Inga’s potential was recognised as far as back as 1921, when the US Geological Survey estimated that the basin had a quarter of the world’s hydroelectric potential.
The construction of the first two dams, Inga I and Inga II, in the heady, post-independence years under then-president Mobutu Sese Seko, generated power that lit up the capital and supplied the mining industry, the DRC’s only source of export revenue.
While Inga I began operating in 1972 and was considered a success, Inga II required transmission lines over thousands of kilometres of rainforest to reach the mines of Katanga province and loaded the country with huge debt as copper prices were plummeting in 1982.

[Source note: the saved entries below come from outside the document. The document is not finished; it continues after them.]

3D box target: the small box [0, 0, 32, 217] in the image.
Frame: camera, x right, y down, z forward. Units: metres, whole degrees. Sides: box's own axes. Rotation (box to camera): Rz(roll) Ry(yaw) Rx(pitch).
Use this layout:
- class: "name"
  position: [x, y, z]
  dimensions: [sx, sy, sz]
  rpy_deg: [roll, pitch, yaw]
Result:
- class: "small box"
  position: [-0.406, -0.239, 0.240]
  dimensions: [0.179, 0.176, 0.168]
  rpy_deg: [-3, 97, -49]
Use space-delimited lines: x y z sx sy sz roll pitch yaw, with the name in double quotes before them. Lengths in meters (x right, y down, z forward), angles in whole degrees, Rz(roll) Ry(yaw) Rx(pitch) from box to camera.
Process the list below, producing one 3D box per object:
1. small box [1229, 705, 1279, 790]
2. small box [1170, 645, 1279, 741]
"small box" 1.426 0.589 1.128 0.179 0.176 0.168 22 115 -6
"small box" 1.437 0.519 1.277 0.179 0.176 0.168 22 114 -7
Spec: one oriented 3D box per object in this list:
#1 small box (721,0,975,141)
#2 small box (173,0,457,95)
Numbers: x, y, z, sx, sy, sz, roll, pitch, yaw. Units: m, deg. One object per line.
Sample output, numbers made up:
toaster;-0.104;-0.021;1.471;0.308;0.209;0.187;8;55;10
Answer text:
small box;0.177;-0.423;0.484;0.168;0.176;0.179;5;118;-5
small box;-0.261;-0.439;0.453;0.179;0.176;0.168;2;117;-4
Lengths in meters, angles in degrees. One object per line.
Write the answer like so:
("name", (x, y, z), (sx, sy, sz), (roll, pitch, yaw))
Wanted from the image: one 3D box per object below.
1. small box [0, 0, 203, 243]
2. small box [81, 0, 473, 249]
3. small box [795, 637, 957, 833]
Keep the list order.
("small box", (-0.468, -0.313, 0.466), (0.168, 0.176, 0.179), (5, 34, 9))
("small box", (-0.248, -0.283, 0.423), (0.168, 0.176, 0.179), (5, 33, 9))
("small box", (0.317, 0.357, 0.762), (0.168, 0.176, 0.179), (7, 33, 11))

The slow collapse of Mobutu’s dictatorial regime and a subsequent civil war paralysed progress on Inga III. After peace returned in 2003, several investors lined up to work at Inga, only to get squeezed out or withdraw later. Just one dam has been completed since the 1980s, a 150MW plant built by China’s SinoHydro Corporation. But construction took three years longer than planned and transmission lines still have not been built.
While the nation awaits progress on Inga, some Congolese businessmen are forging ahead with plans for smaller dams. Among them is Yves Kabongo, CEO of Great Lake Energy, who recently finalised a contract with PowerChina for a 900MW facility on the Congo River that is designed to supply the mining industry.